Re: [Epydoc-devel] XML Docbook output

SourceForge Headquarters 225 Broadway Suite 1600 San Diego, CA 92101 +1 (858) 454-5900

On 2/1/07, Saint Germain <sai...@gm...> wrote:
> Hello,
>
> I'm currently an active user of Python and XML Docbook and would
> like to have my Python documentation generated in XML Docbook.
>
> Epydoc seems to be a really fine documentation generator and I would
> like to help you add an XML Docbook output.
>
> I know Python, XML Docbook and LaTeX and I'm a heavy user of the
> dblatex project (Docbook to LaTeX, and it's written in Python !) :
> http://dblatex.sourceforge.net
>
> Would you like me to add such a feature and if yes can someone help to
> guide me through Epydoc ?
>
> If the LaTeX output is OK, I can just analyse this part and convert it
> in XML Docbook ?

If you want to create a Docbook generator, the best starting point is
largely the LaTeX generator.

Honestly i've not been using the latter generator as often as the HTML
generator, but it is stable enough to generate at least documentation
for Epydoc itself. Furthermore most of the hard work (parsing the
distinct pieces and merging stuff together) is carried out before even
reaching the docwriter.

A sketch of the epydoc structure and where you may want to put your
hands if you want to implement is the following::

             Markups                 Writers

             epytext |             | LaTeX
             javadoc | -> build -> | HTML
           plaintext |             | plaintext
    restructuredtext |

Each markup is implemented by a ParsedDocstring subclass. Writers are
more free-form beasts: there is no base class for writers, whose
interface is a single function called by the cli.py module after
options have been parsed and a docindex generated.

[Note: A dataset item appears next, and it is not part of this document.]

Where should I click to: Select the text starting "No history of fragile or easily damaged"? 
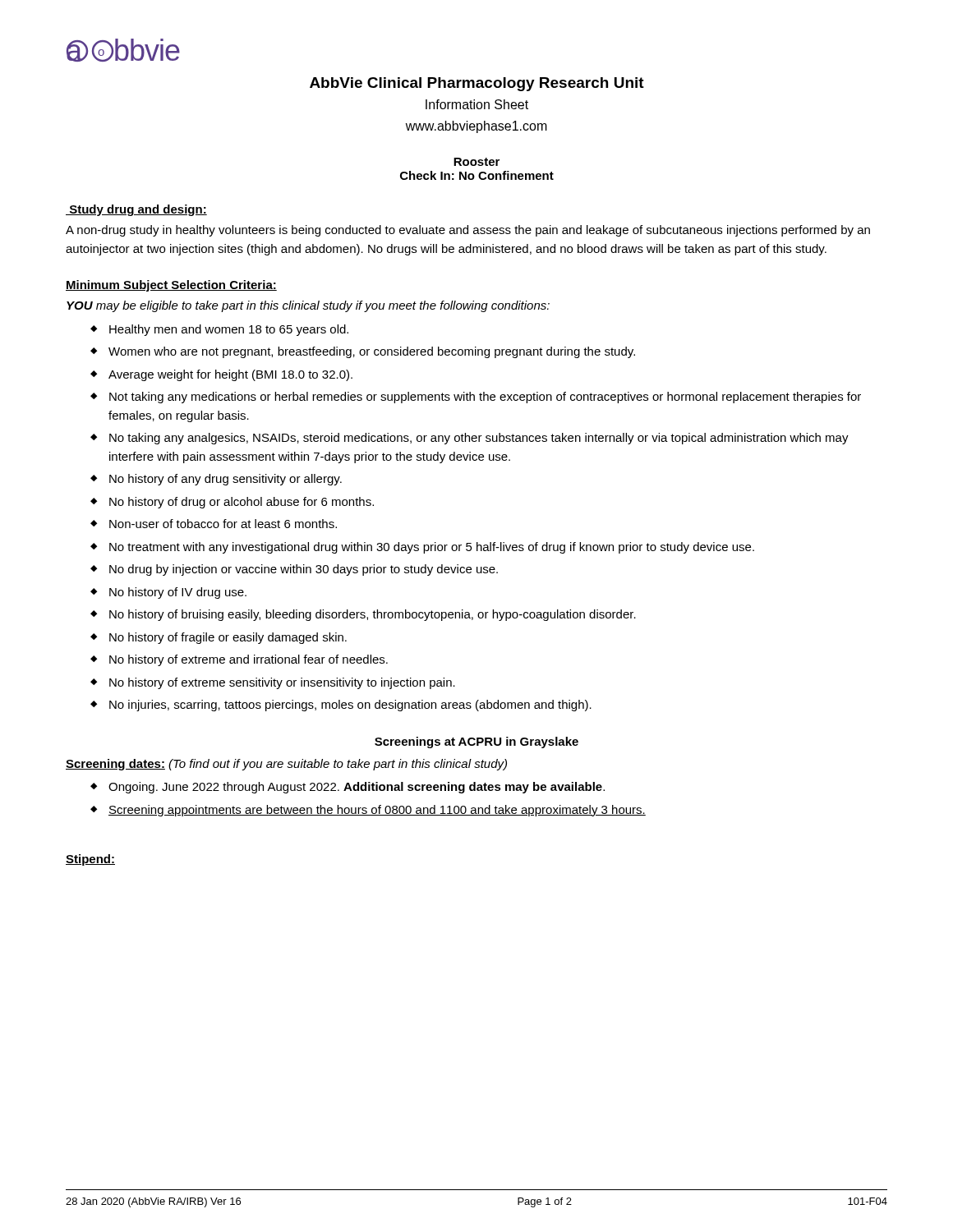click(228, 637)
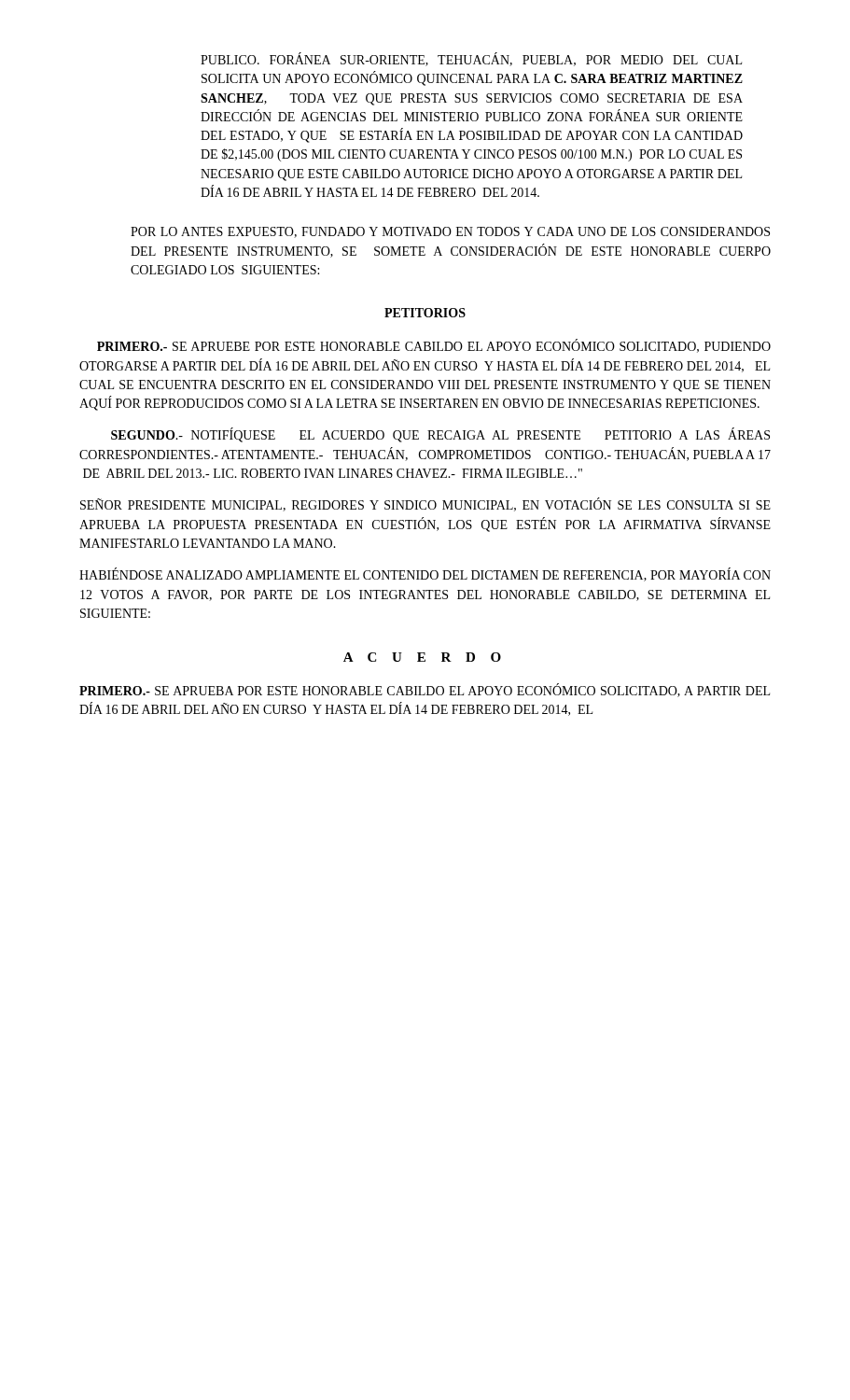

The ParsedDocstring interface offers methods to retrieve a docstring
in the target output format: currently methods to_plaintext(),
to_html(), to_latex() methods are exposed. The concrete subclasses are
responsible to implement such methods (while a fallback must be
provided by the base class).

Writing a Docbook generator should require the following steps:
1. add a new writer implementing the sequences of calls to observe the
built set of documents;
2. add a new method ParsedDocstring.to_docbook() implementing a
default behavior, which typically is to return a a few more than the
text version;
3. implement the details of converting the specific markups into Docbook format.

2. should be easy. You may wrap the to_plaintext() output into
<programlisting> tags, i guess; see ParsedDocstring.to_html() for an
example.
1. can be cargo-culted from the LaTeX writer, but this probably would
lead to more maintenance burden. Probably a nicer work would be to
refactor the LaTeX writer creating a base class implementing the
strategy (e.g. write the start; for each class: write it; write the
end...) of creating a document from the parsed documentation (as
"document" i mean something that can be read from the beginning to the
end, which is very different from the hypertext created by the html
writer) but delegating the details of how to write the leaves (such a
paragraph or a string) to concrete subclasses (cfr. the strategy
pattern). Such base class may be subclasses into concrete writers for
LaTeX, Docbook, plain text (which is currently less maintained than
the other writers), and going on with single page html, reST...
The step 3. could require more knowledge of the single markups. On the
pro side it can be accomplished gradually, because there is always a
fallback that would appear as monotype text. The current to_html()
implementation would help you of course.

I'd ask Edward if he would welcome the refactoring described in step
2. I think that creating a Docbook writer the naive way would lead to
harder maintenance, inconsistencies between formats and to too much
code duplication.

Let me now if i can help you, but i'd like to hear Ed's advice first.

Good luck!

Daniele